Wednesday, June 3rd 2009

You know you're getting old when...

…computer games start reaching milestone birthdays!

One of the world’s best recognised and undoubtedly one of the most addictive computer games celebrates it’s 25th birthday this week.

It was Alexey Pajitnov at the Moscow Academy of Science that programmed the iconic falling-block game we all know and love as Tetris, in June 1984 for a Soviet computer system called Electronika. New agency Reuters cites June 6 as the date that the first playable version of the game was born.

“I started to put together all kinds of mathematical puzzles and diversions that I had loved all my life, since I was a boy,” says Pajitnov in a recent Guardian interview, “The program wasn’t complicated, there was no scoring, no levels. But I started playing and I couldn’t stop. That was it.”

Initially Tetris was a slow-grower, a PC version spread through eastern Europe during 1985 and it wasn’t until 1988 when a Dutch games producer, Henk Rogers saw the potential of Tetris whilst at the Consumer Electronics Show in Las Vegas.
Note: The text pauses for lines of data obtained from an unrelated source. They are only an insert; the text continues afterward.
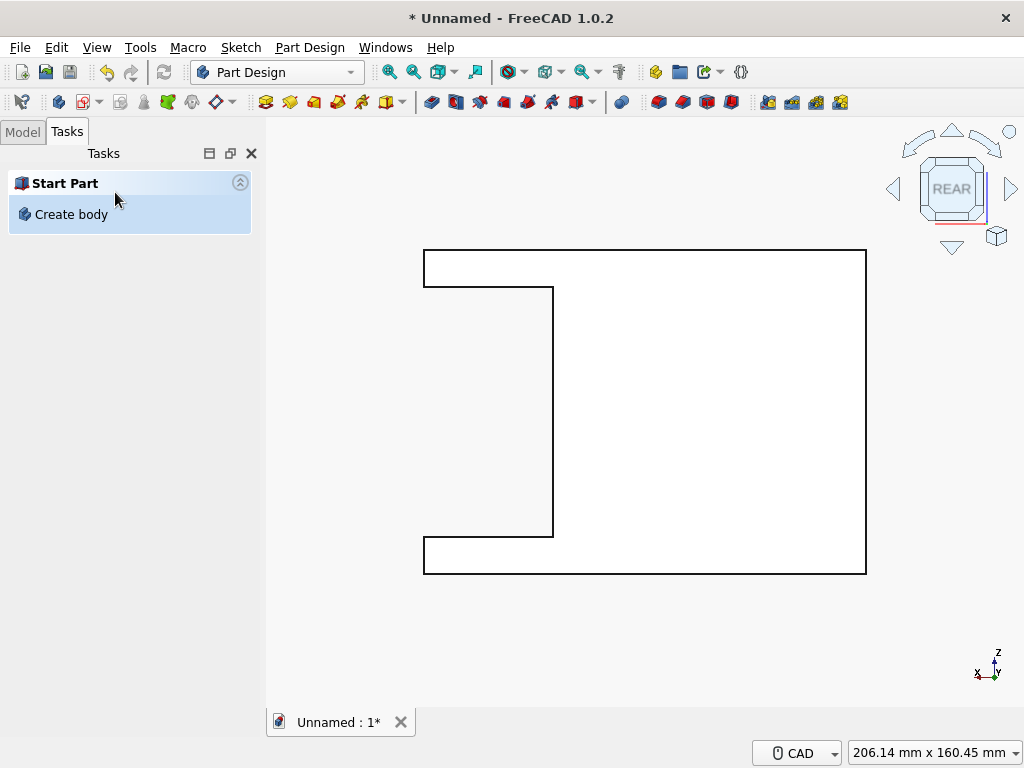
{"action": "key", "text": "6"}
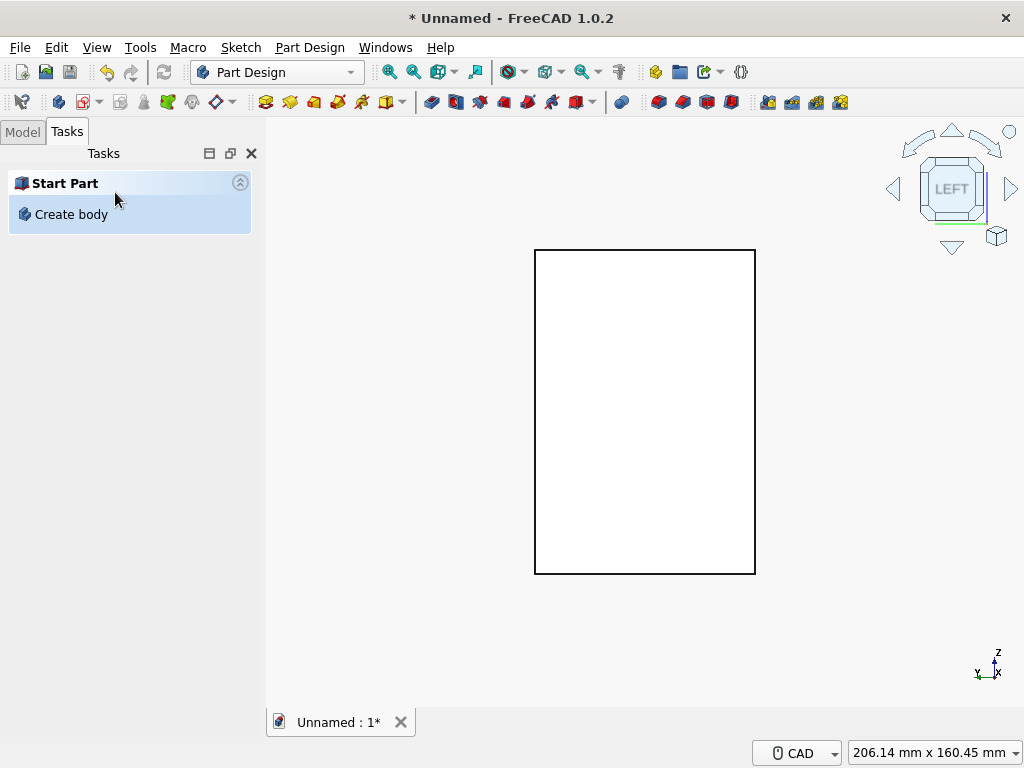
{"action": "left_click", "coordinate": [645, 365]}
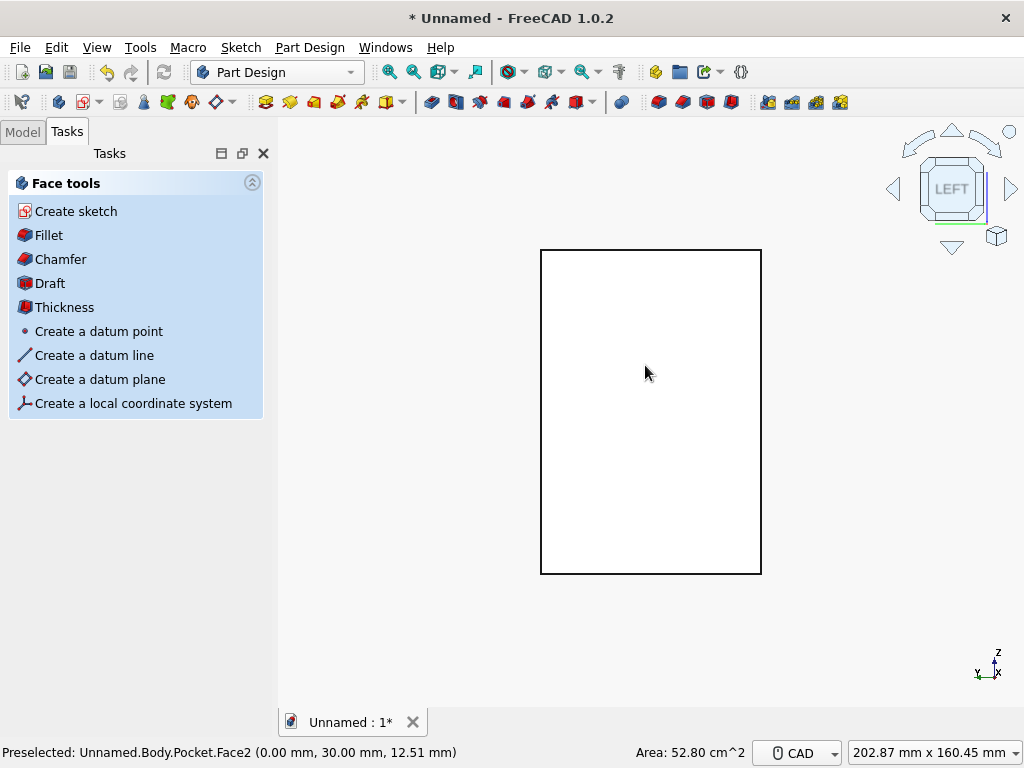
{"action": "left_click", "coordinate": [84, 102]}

Rogers was working in Japan at the time and after stiff competition brokered a deal with Nintendo to bundle Tetris with every GameBoy sold. In a fantastic moment of harmony, the Gameboy succeeded due to the playability and addictive nature of Tetris, and vice-versa; 30 million people where now playing Tetris religiously.

It wasn’t until 1996 when Pajitnov was rewarded for his efforts – when the rights reverted to him from the Russian state. By then he had moved to the US and was working as a games designer at Microsoft.

These days, Pajitnov and Rogers spend their time licensing Tetris to other programmers; they maintain the ‘Tetris guidelines’ – an exacting standard that any official version of the game must meet.

Amongst other things, these guidelines are set out so others adhere to the size of the playing area, the colours of the tetronimos, the configuration of keys and buttons used to move the blocks.

Amusingly in the rules is the demand that the game should include a version of the Tetris theme music – a Russian folk song called Korobeiniki.

I wonder if any of today’s gaming masterpieces will survive the next 25 years? I guess the key to success, like most things, is beautiful simplicity.

So go on, spend five minutes of your lunchbreak playing Tetris. Just try not to become addicted!

Posted by Richard on Wednesday 3rd of June 2009 at 1:03pm

Comments

If anyone has ever played Tony Hawkes they will have also experienced the 'Tetris effect'. Everywhere you go you imagine tying together a mighty combo.